#### Assigned task:
"Provide a succinct answer. 0. Do the" appears in one line of the records below. Output that line and each one after it, exactly, through the last line.

* * * * * * *

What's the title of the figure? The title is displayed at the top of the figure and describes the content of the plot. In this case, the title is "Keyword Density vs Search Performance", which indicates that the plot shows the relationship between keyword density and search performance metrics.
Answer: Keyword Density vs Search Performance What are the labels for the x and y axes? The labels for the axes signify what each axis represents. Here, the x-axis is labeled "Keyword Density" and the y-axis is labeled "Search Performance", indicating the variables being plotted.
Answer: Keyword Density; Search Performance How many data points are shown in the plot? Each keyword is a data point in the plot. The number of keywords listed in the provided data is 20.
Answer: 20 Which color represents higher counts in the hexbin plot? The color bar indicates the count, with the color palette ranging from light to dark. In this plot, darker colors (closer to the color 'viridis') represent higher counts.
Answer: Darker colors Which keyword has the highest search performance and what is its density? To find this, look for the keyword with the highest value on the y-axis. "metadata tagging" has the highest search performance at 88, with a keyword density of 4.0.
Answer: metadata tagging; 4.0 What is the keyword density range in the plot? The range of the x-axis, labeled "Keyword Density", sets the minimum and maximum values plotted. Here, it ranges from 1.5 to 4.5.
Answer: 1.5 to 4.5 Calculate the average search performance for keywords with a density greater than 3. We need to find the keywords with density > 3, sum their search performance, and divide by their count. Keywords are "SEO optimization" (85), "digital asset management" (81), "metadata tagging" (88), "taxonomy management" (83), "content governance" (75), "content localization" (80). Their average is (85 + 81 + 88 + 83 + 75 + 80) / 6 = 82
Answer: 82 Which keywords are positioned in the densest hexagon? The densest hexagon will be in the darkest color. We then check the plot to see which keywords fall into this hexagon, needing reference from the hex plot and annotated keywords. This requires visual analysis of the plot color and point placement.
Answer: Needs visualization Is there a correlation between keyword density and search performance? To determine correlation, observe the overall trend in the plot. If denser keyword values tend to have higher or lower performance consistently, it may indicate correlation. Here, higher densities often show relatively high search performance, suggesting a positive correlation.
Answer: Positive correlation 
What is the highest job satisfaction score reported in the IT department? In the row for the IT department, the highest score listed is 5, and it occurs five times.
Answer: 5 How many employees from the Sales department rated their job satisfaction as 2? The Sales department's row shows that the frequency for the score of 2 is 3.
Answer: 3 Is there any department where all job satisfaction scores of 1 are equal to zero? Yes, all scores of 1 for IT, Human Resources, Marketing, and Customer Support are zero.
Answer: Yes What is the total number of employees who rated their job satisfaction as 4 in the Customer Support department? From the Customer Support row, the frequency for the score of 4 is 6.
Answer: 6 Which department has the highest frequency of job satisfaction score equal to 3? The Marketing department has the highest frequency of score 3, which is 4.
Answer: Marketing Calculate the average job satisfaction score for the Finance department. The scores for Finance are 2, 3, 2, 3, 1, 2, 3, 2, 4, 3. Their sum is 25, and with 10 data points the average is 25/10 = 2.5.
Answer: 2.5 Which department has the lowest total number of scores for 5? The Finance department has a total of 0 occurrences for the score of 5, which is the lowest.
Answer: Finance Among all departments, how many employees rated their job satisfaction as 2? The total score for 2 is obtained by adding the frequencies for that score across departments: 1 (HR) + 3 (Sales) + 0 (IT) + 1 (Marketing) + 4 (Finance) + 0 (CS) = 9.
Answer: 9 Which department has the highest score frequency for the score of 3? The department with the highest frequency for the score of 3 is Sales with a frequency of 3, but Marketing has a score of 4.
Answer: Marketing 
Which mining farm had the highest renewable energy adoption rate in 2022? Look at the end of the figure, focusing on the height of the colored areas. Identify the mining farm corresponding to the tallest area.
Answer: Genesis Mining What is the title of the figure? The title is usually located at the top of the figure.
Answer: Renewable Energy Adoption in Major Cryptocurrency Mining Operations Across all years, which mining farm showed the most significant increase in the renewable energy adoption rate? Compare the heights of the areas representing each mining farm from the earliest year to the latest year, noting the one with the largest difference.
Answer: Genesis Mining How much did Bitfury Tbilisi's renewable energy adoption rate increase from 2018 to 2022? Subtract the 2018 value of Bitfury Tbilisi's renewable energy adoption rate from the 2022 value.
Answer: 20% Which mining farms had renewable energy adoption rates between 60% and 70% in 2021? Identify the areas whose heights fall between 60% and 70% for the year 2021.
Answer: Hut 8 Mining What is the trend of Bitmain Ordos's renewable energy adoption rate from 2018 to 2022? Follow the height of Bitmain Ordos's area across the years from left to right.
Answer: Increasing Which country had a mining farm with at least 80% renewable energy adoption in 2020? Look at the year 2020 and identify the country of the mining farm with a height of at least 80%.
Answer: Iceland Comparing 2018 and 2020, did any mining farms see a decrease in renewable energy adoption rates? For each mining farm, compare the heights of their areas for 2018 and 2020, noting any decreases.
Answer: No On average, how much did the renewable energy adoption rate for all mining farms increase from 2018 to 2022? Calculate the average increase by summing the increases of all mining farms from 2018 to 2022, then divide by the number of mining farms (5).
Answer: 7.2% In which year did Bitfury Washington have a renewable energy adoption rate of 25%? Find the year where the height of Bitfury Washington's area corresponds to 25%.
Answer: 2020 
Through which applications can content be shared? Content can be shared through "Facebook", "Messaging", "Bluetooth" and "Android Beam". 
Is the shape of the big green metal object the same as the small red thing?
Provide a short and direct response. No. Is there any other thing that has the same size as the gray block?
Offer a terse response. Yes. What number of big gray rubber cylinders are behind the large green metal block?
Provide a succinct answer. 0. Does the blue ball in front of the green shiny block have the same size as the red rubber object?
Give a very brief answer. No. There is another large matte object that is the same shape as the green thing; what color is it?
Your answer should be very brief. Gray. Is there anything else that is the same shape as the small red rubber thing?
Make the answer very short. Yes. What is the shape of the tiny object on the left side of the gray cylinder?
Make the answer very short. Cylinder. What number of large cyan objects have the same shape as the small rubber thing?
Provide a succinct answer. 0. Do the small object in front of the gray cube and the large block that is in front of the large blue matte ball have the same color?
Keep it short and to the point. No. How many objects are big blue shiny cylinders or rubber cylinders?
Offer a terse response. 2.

* * * * * * *

#### Problem solution:
Provide a succinct answer. 0. Do the small object in front of the gray cube and the large block that is in front of the large blue matte ball have the same color?
Keep it short and to the point. No. How many objects are big blue shiny cylinders or rubber cylinders?
Offer a terse response. 2.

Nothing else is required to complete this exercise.